As a measure of motion we extract optical flow from each video using the Horn-Schunck method as implemented in MATLAB73. The Horn-Schunck method computes the displacement vectors of pixels from one frame to the next, assuming smooth flow across neighboring pixels. We average the displacement vectors across all pixels within each frame. This results in a regressor of average motion throughout the video (Fig. 1C). The motion regressor contains artifacts from film cuts. To remove these artifacts, we replace the samples within a window of 166 ms around film cuts with a linear interpolation. For movies with sound (“Despicable Me English”, “Despicable Me Hungarian”, “The Present”) we correlate the motion regressor with the sound envelope. The sound envelope is calculated as the absolute value of the Hilbert transform of the sound extracted from the movie files. The correlation is computed across the concatenated signal for all three movies. To test the significance of this correlation we compute a surrogate distribution of the motion regressor by 10,000 circular shuffles.

Film cuts

Film cuts in the movies were identified as peaks in the temporal contrast between consecutive video frames. Temporal contrast is the mean square difference of luminance between consecutive video frames3. Film cuts with smooth transitions do not show up as sharp peaks in the temporal contrast and are missed. Moments of sudden motion on the other hand, might be mistaken for Film cuts. Film cuts detection is corrected by visual inspection to account for these errors.

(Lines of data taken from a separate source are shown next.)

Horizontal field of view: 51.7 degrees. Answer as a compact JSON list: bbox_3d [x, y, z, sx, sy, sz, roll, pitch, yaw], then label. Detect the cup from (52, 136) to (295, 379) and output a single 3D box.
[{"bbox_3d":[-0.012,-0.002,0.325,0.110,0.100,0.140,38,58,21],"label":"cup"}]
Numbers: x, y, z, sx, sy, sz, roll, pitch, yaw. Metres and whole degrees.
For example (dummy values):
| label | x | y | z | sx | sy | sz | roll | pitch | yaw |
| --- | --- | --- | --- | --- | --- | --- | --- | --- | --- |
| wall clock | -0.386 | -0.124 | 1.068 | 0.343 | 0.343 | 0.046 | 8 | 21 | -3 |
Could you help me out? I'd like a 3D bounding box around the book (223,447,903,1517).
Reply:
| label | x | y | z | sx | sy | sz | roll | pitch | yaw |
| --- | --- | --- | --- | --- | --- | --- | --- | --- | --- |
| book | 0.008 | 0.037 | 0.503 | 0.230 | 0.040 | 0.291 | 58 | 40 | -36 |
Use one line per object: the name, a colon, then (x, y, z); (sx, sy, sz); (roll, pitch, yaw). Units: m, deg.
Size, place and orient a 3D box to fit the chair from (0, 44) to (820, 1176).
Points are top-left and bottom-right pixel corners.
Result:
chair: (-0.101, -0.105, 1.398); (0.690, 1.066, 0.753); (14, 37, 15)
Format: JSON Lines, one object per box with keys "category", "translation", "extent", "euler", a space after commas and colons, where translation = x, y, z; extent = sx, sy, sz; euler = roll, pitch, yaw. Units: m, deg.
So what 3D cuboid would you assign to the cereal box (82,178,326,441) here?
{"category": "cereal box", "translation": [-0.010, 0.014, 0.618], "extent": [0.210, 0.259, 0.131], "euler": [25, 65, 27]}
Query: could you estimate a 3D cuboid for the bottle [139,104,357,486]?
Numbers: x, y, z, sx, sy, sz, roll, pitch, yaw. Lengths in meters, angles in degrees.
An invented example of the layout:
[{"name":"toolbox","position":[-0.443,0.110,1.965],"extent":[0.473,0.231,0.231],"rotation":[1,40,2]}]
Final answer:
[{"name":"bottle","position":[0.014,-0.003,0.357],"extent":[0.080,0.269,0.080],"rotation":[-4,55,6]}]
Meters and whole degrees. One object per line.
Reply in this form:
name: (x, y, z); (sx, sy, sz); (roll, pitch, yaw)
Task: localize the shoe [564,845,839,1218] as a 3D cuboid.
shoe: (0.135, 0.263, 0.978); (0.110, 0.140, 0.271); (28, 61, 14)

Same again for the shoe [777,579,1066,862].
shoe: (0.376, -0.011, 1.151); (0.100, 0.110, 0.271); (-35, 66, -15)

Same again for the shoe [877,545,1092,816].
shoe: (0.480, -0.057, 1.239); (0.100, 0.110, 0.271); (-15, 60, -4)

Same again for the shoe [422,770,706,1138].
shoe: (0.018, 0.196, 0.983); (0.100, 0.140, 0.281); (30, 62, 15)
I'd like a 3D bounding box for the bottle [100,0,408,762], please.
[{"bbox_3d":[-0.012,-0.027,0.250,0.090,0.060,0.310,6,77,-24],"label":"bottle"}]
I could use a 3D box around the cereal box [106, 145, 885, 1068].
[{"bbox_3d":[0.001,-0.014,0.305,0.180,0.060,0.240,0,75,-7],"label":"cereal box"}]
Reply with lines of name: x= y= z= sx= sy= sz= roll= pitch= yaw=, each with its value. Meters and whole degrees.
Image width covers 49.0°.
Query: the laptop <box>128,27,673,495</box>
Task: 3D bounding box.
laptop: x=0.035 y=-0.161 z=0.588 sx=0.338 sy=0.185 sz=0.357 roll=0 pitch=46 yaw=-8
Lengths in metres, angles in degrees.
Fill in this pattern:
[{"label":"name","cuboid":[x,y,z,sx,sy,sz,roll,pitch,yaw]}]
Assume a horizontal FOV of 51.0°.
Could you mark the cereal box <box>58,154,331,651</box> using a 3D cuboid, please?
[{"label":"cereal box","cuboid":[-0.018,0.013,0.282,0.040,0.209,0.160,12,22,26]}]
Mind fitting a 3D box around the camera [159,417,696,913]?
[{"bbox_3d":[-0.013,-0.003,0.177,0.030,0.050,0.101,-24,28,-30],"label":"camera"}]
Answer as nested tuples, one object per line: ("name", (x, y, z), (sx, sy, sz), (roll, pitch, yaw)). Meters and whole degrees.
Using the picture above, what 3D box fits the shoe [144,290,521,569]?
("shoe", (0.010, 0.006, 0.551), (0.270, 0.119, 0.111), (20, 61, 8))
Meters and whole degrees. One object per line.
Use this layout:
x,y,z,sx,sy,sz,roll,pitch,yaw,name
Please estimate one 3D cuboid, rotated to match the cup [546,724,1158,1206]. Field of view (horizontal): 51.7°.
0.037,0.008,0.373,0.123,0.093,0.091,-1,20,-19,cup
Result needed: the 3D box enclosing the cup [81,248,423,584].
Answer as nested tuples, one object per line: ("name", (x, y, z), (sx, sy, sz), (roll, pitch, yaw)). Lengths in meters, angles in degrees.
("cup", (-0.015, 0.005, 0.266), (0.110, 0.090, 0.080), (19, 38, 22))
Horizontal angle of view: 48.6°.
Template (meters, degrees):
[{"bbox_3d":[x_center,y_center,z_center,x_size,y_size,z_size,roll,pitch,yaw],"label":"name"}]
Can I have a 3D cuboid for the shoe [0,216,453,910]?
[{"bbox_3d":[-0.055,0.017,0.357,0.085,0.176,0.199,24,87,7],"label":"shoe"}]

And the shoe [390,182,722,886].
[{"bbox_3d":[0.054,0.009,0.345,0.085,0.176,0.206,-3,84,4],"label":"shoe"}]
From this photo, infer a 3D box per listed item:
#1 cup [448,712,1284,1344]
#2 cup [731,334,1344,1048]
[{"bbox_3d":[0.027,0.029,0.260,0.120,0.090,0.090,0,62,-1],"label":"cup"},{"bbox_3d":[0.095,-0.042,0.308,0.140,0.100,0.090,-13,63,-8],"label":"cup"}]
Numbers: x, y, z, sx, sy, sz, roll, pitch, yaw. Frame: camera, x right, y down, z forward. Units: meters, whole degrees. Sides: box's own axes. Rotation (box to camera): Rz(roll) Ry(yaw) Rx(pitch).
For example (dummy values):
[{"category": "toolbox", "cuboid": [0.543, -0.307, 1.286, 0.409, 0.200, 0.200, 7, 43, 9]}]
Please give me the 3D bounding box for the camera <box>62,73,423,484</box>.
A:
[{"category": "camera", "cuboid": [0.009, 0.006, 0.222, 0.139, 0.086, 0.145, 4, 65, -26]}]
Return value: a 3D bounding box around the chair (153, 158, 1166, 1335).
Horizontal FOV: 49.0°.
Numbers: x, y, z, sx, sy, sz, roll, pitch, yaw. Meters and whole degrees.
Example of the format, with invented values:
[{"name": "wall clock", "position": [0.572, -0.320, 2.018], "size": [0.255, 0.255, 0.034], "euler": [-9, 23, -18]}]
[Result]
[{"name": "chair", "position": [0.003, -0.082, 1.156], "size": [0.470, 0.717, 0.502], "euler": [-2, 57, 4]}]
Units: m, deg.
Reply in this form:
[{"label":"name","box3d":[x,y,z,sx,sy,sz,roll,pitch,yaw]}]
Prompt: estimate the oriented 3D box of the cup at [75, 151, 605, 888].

Event cuts versus continuous cuts

To classify film cuts based on changes in semantic information we align film cuts to event boundaries. We record event boundary annotations for all videos in a separate study conducted online. 200 participants were recruited on Prolific (www.prolific.co). The task was implemented in PsychoJS scripts created from the psychopy builder (Psychopy3, version 2021.1.4)74. The task was hosted on Pavlovia (https://pavlovia.org/). Participants watched one of the videos each with the following instructions: “The movie can be divided into meaningful segments. You will have to indicate when you feel like a meaningful segment has ended by pressing the ‘spacebar. You will likely detect multiple events throughout the movie.”. For all videos, except Despicable Me, we included a task to check attention. Participants saw a black screen with 10 white boxes flashed at random times. Participants had to respond with a button press every time they saw a white box. We excluded the data from 20 out of 200 participants because either no event boundaries were annotated or the attention test failed. The attention test was considered failed if participants responded to less than 8 of the white boxes in the task after the movies.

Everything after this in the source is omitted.